- Born: Herbert Vernon Foord 22 December 1930 Brough, Cumbria, England
- Died: 31 July 2001 (aged 70) Aylesbury, Buckinghamshire, England
- Occupation: Meteorologist
- Years active: 1947–1990
- Employer: Meteorological Office
- Spouse: Irene Young ​ ​(m. 1954; died 2001)​
- Children: 1

= Bert Foord =

English meteorologist (1930–2001)

Herbert Vernon Foord (22 December 1930 – 31 July 2001) was an English meteorologist and BBC weather forecaster during the 1960s and early 1970s. He joined the UK Meteorological Office as a trainee forecaster in 1947 and became the BBC's principal weather forecaster in 1963, remaining in the role until 1974. Foord specialised in forecasting for the Royal Air Force until his retirement in 1990.

== Early life ==
Foord was born on 22 December 1930, in Brough, near Appleby-in-Westmorland, Cumbria, the second son in his family. His father was a Royal Navy serviceman, and his mother, Eva, was the daughter of a tinsmith from Carlisle. The family name Foord came from South Africa and is of Dutch origin. From the age of nine, he attended Appleby Grammar School on a scholarship before moving to Carlisle Grammar School when his family returned to Carlisle.

== Career ==
Having an keen interest in the weather, Foord joined the UK Meteorological Office as a trainee forecaster in 1947 after answering a newspaper advertisement. His first posting was to the Eskdalemuir Observatory in the Scottish borders, where he worked between 1950 and 1953, followed by three years' voluntary service on the small weather ships in the mid-Atlantic. In 1954, Foord was made the North West of England representative for the Met Office National Committee, rising to the rank of chairman. He joined the London Weather Centre in 1960 and began broadcasting on radio in 1961.

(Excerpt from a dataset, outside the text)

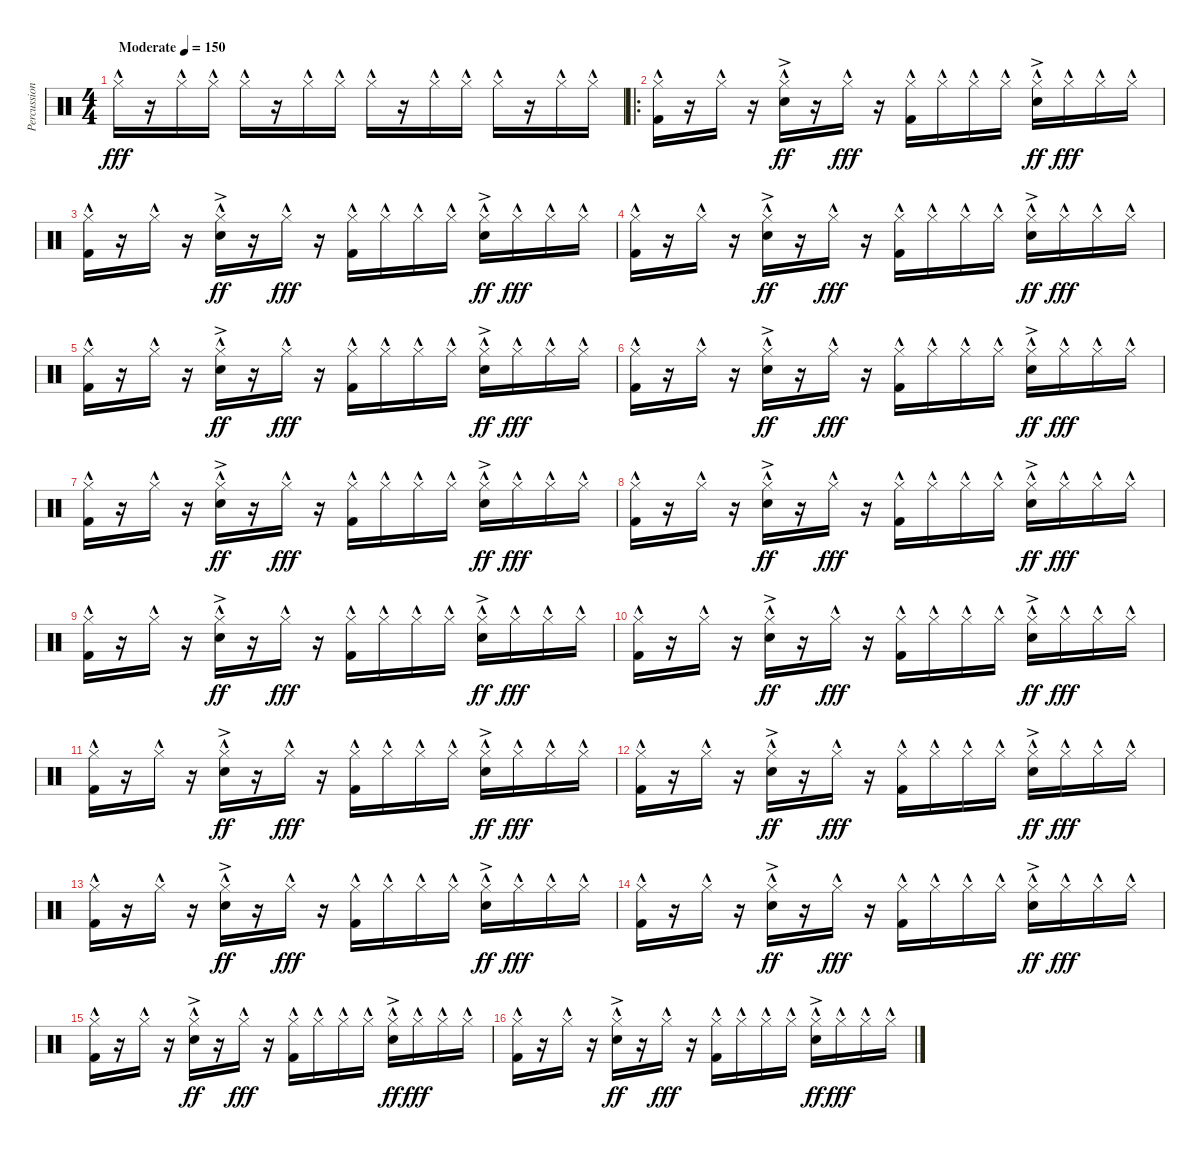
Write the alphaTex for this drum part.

He became the principal BBC weather forecaster in 1963, and his low-key presentation style made him a national institution, although his positive northern demeanour attracted some press criticism. In March 1968, Foord successfully negotiated a pay rise for BBC forecasters' rates from £3 to £5 10s a day backdated to 15 October 1966 through the Civil Service Arbitration Tribunal. One of the highlights of his career came in 1969 during the BBC coverage of the Apollo 12 mission, when he predicted that the spacecraft could face some turbulence on take-off and might be struck by lightning. Within half an hour, lightning struck the spacecraft.

By the time he left the BBC, his celebrity had led to the distinction of being a guest on Roy Plomley's Desert Island Discs, and made guest appearances on programmes such as Points of View and twice on Late Night Line-Up. In May 1970, Foord appeared as King Lear in Whatever Next?, the first programme of the BBC's satirical comedy television series Celebrity Shakespeare. In April 1971, Foord presented an episode of the BBC1 series Search on a weather ship in the North Atlantic.

He left the BBC in 1974 after 11 years in his civil service promotion from higher to senior scientific officer, specialising in forecasting for the Royal Air Force (RAF). He first worked in weather forecasting at Heathrow Airport, and spent a year as a weather forecaster at RAF Gan in the Maldives in 1975 and 1976. Between 1979 and 1984, Foord was senior met officer at RAF Wildenrath and Gütersloh in West Germany. In 1980, he became the subject of a "Bring Back Bert Foord" campaign started by presenter Terry Wogan, who complained the British weather had deteriorated since Foord stopped presenting the weather forecasts. Foord was appointed principal forecaster for the Royal Air Force Strike Command in an underground bunker near High Wycombe in 1984.

His off-screen persona was quite different from his media image, being relaxed, jovial and outgoing (he ran the London Marathon in 1987). He retired from the Met Office in 1990. That same year, Foord was elected a distinguished member of the union called the Institution of Professionals, Managers and Specialists (IPMS) and was appointed an trustee of the union. He was earlier elected a member of the IPMS's national executive committee in May 1970, and was a member of the Cheltenham Racing Club.

==Personal life==
He lived in Loosley Row, in the former Wycombe District of Buckinghamshire. In 1954, Foord married Irene Young at Christ Church, Botchergate. They had one child. In 1998, Foord was diagnosed with cancer. He died of cancer at Stoke Mandeville Hospital, Aylesbury, Buckinghamshire on 31 July 2001.